Looks like we will finally get some decent snowfall Thursday 1/4 into Friday 1/5. Looking forward to sea trials on my new 3500 with fisher hd 2.


----------



## iceyman (Mar 1, 2007)

lawn king said:


> Looks like we will finally get some decent snowfall Thursday 1/4 into Friday 1/5. Looking forward to sea trials on my new 3500 with fisher hd 2.

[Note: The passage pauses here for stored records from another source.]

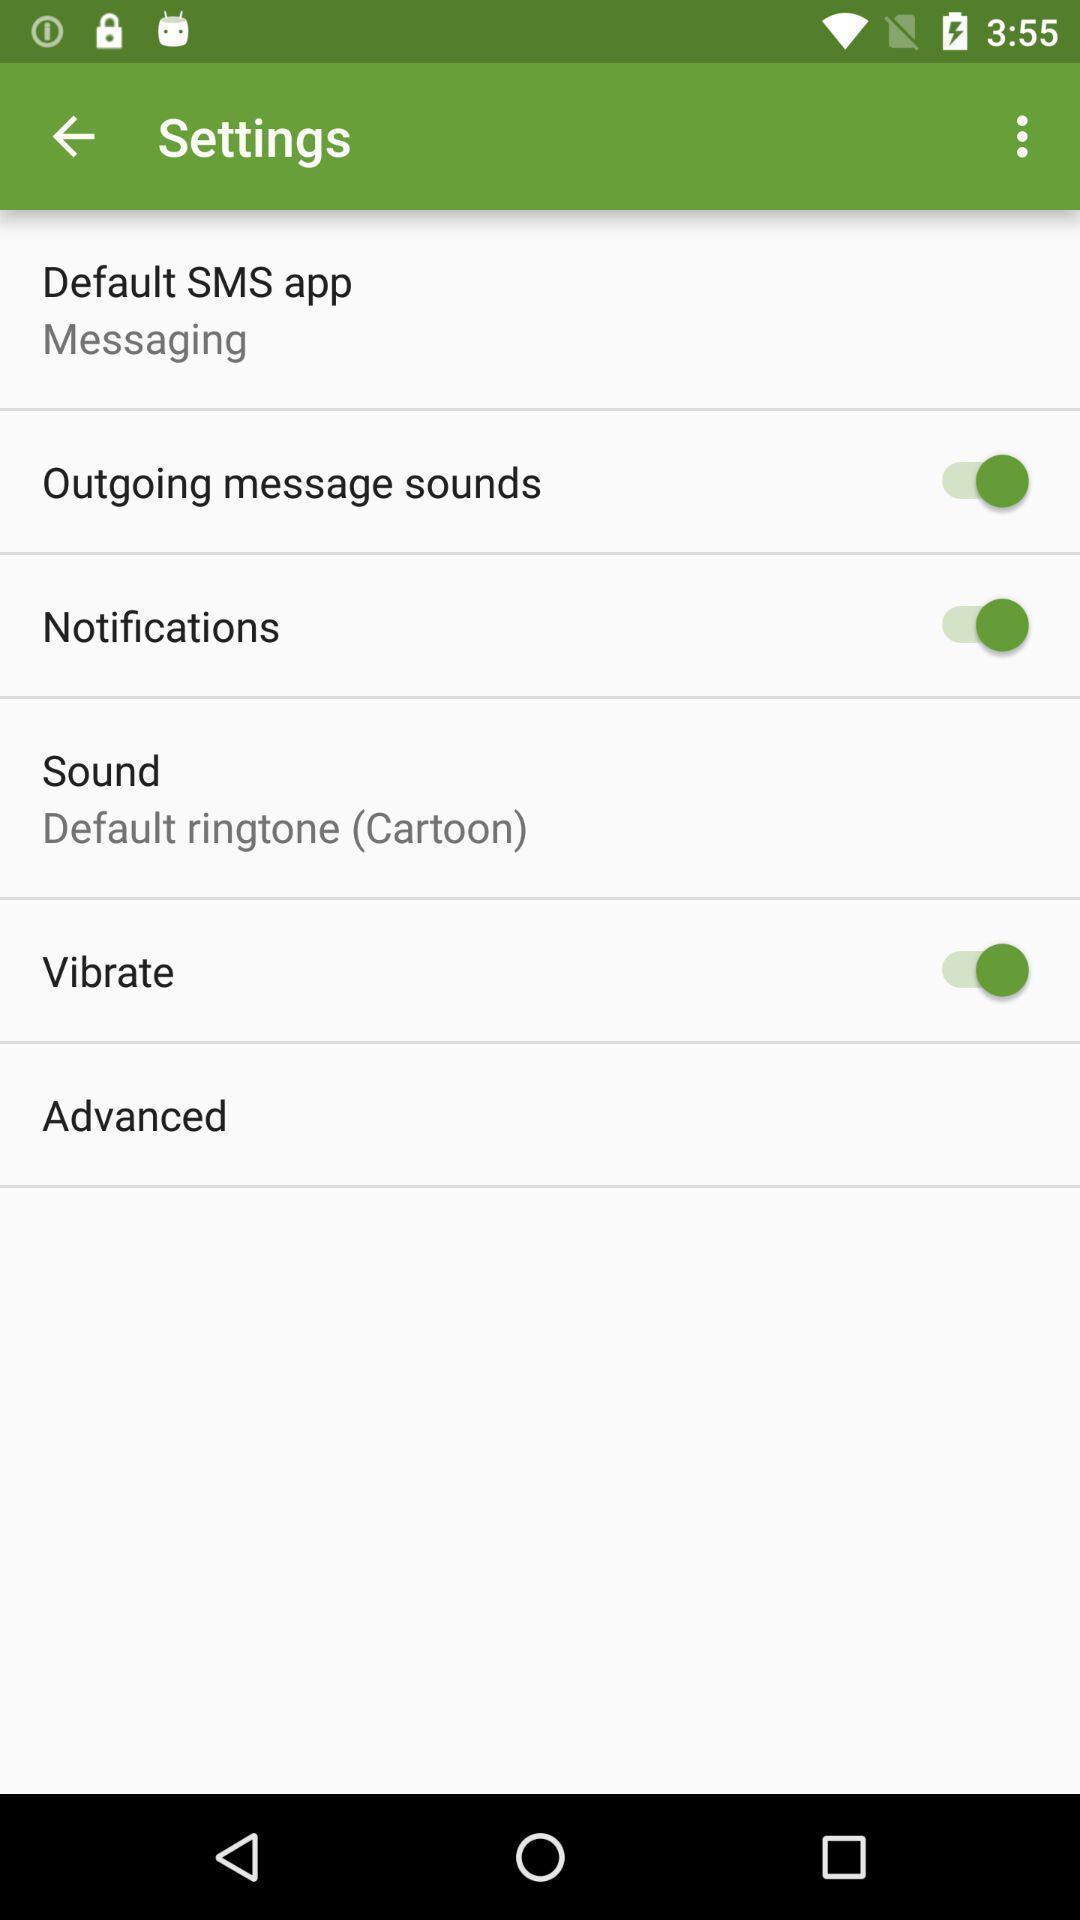What details can you identify in this image? Settings page. 
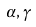<formula> <loc_0><loc_0><loc_500><loc_500>\alpha , \gamma</formula> 
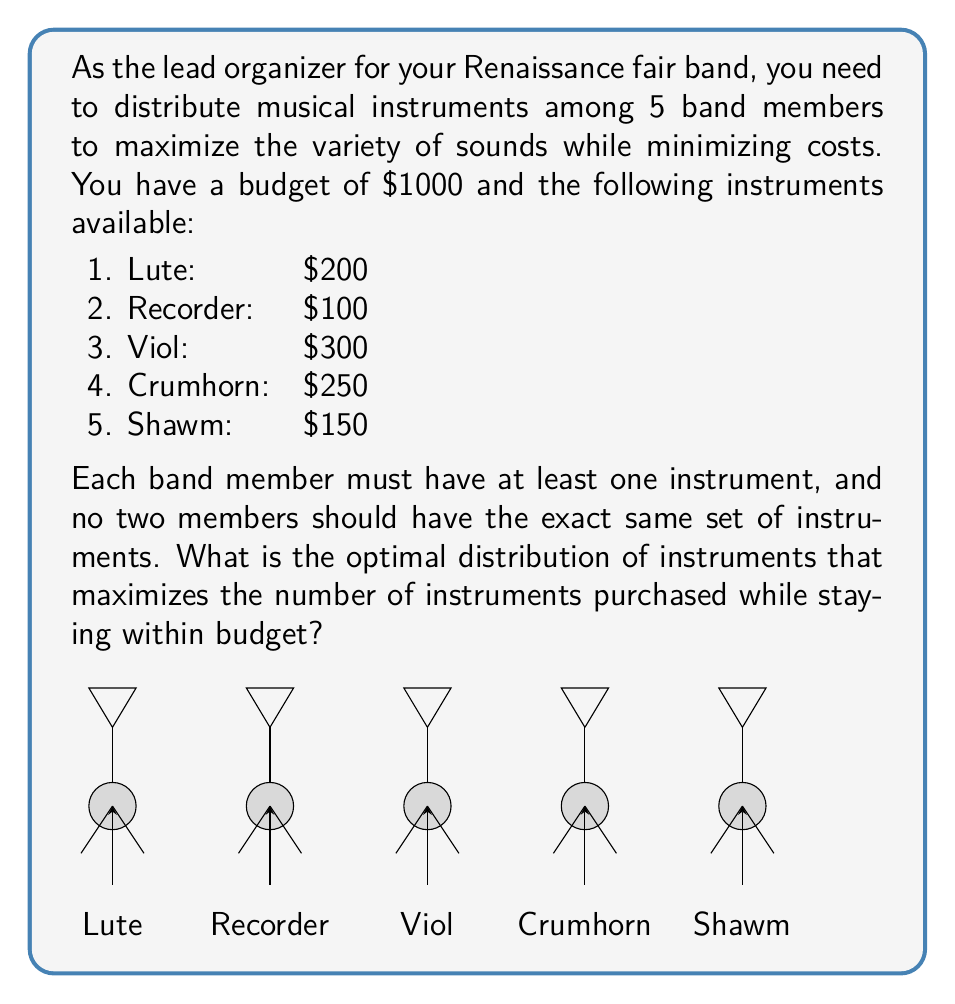Teach me how to tackle this problem. To solve this optimization problem, we'll use a greedy approach:

1) First, we'll sort the instruments by cost from lowest to highest:
   Recorder ($100), Shawm ($150), Lute ($200), Crumhorn ($250), Viol ($300)

2) We need to ensure each member has at least one instrument. Starting with the cheapest, we'll distribute one instrument to each member:
   5 * $100 (Recorder) = $500

3) We have $500 left in the budget. Let's continue distributing the next cheapest instruments:
   3 * $150 (Shawm) = $450
   Total so far: $950

4) We have $50 left, which is not enough for any more instruments.

5) Now, let's distribute these 8 instruments (5 Recorders and 3 Shawms) among the 5 members:

   Member 1: Recorder, Shawm
   Member 2: Recorder, Shawm
   Member 3: Recorder, Shawm
   Member 4: Recorder
   Member 5: Recorder

This distribution satisfies all constraints:
- Each member has at least one instrument
- No two members have the exact same set of instruments
- We've maximized the number of instruments (8) within the budget

The total cost is $950, which is within the $1000 budget.
Answer: Optimal distribution: 3 members with Recorder and Shawm, 2 members with only Recorder. 
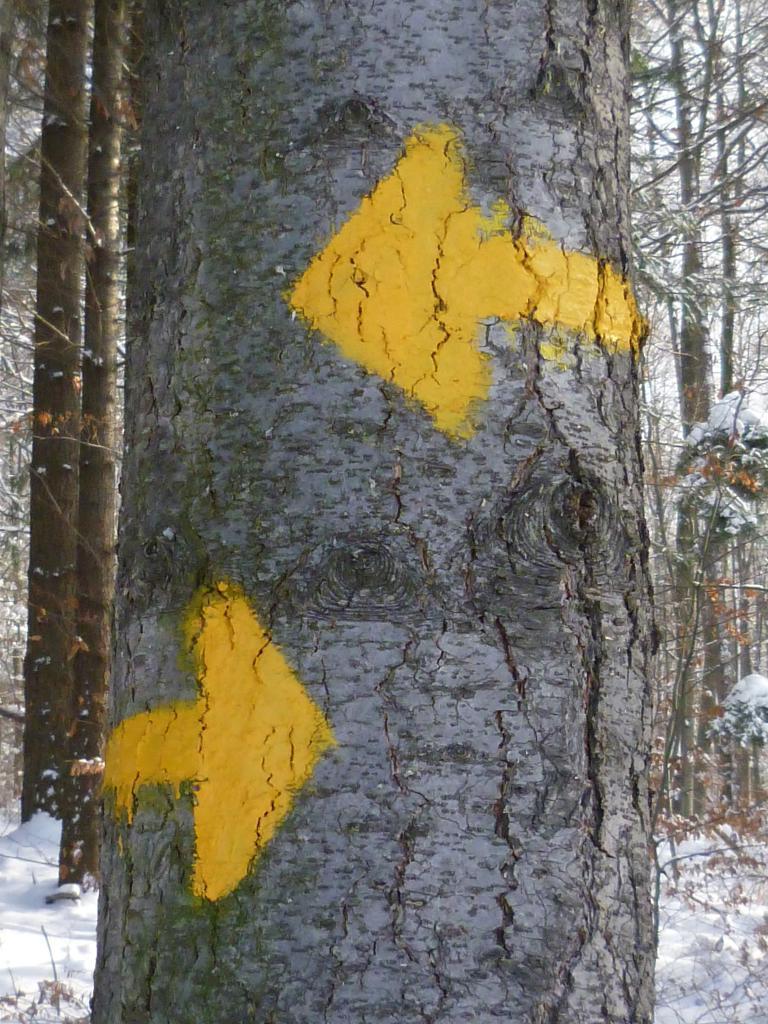Can you describe this image briefly? In the center of the image there is a tree. In the background we can see snow and trees.

Long way away but yea you guys benefit from storms even off the coast


----------



## lawn king (Nov 21, 2004)

This storm is huge, too bad we are only getting hit by the east edge, most of the storm is going over the ocean.


----------



## lawn king (Nov 21, 2004)

6 plus inches, starting Thursday am is the forecast at present.


----------



## lawn king (Nov 21, 2004)

Forecast now for our area along the coast south of boston is 12 - 15", with blizzard conditions in the afternoon!


----------



## Goodnyou (Mar 20, 2015)

This ones going to be tough on the shovel crews . Wind is going to be brutal


----------



## lawn king (Nov 21, 2004)

60 to 70 mph winds along the coast, very dangerous indeed!


----------



## Cosmic Charlie (Feb 1, 2009)

Weather Website Ventusky

Best Options and Views I've Found ...

It does all planet earth and can zoom in locally

(date has to be updated each time you open the web site)

when it opens set the "calendar days"on the lower left to todays date (change date)

then click and drag New England to the center then zoom in

then select any choice from the list on the left for your desired view and info (excellent choices)

https://www.ventusky.com/?p=22;139;1&l=temperature

or this one is zoomed in already

(date has to be updated each time you open the web site)

https://www.ventusky.com/?p=39.2;-72.2;4&l=temperature


----------



## lawn king (Nov 21, 2004)

4-7" for boston south tonight, we have been very slow here. We have not even hit 20" for the season and January is half gone!


----------